Auf die Ausgabeseite allein zu schauen, reicht als Gesellschaft nicht. Aber der Zeit- und Maßnahmenplan wird eine Möglichkeit geben, sich strukturiert und diszipliniert dem Thema der Schulden zu widmen und vor allen Dingen nicht nur von der Tapete bis zur Wand zu denken, sondern kommende Generationen im Mechanismus zu berücksichtigen. Vielen Dank.

(Beifall BÜNDNIS 90/DIE GRÜNEN, CDU und FDP)

Vielen Dank. - Das Wort für die FDP-Fraktion hat Frau Abgeordnete Annabell Krämer.

Sehr geehrter Herr Präsident! Liebe Kollegen! Schleswig-Holstein war lange Haushaltsnotlageland, und trotzdem - oder gerade deshalb - hat es die Schuldenbremse bereits im Jahr 2010 - als erstes Bundesland überhaupt - hier in die Landesverfassung geschafft. Eine ausgesprochen robuste Konjunktur und historische Niedrigzinsen ermöglichen uns bereits seit einigen Jahren Nettotilgungen. Das hat den Landtag schon im Jahr 2014 dazu bewogen - interfraktionell -, eine Tilgung der aufgelaufenen Altschulden ins Auge zu fassen und eine entsprechende Lösung einzufordern. Sowohl die Verankerung der Schuldenbremse als auch die Formulierung des Tilgungsziels sind fraktionsübergreifend zustande gekommen. Nun jedoch, weitere vier Jahre später, ist es unserer Meinung nach an der Zeit, an konkreten Regelungen zu arbeiten, wie ein stetiger und planvoller Schuldenabbau verbindlich festgeschrieben werden kann.

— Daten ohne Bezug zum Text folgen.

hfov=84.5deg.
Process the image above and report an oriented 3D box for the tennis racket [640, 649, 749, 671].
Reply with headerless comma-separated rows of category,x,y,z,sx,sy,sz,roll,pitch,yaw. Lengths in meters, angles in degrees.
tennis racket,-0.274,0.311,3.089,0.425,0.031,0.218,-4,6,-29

Meine sehr geehrten Damen und Herren, wie notwendig eine rechtlich verbindliche Regelung ist,

lässt sich bereits an folgender Tatsache ablesen: In diesem Jahr werden die Zinsausgaben rund eine halbe Milliarde Euro betragen. Schon das ist eine gewaltige Summe, die unseren politischen Handlungsspielraum immens einschränkt. Doch wenn wir uns überlegen, dass das nur die Hälfte dessen ist, was wir noch im Jahr 2010 an Zinsen ausgeben mussten und das bei einem nahezu identischen Schuldenstand von aktuell 26 Milliarden €, dann ist das ein erheblicher Unterschied. Wenn wir jetzt noch überlegen, dass wir 2010 für das heutige Jahr 2018 von einer Zinslast für dieses Haushaltsjahr von 1,5 Milliarden € ausgegangen sind, also 1 Milliarde € mehr, als wir in diesem historisch niedrigen Zinsumfeld zu zahlen haben, wird uns dieser Handlungszwang erst recht bewusst, den wir jetzt haben.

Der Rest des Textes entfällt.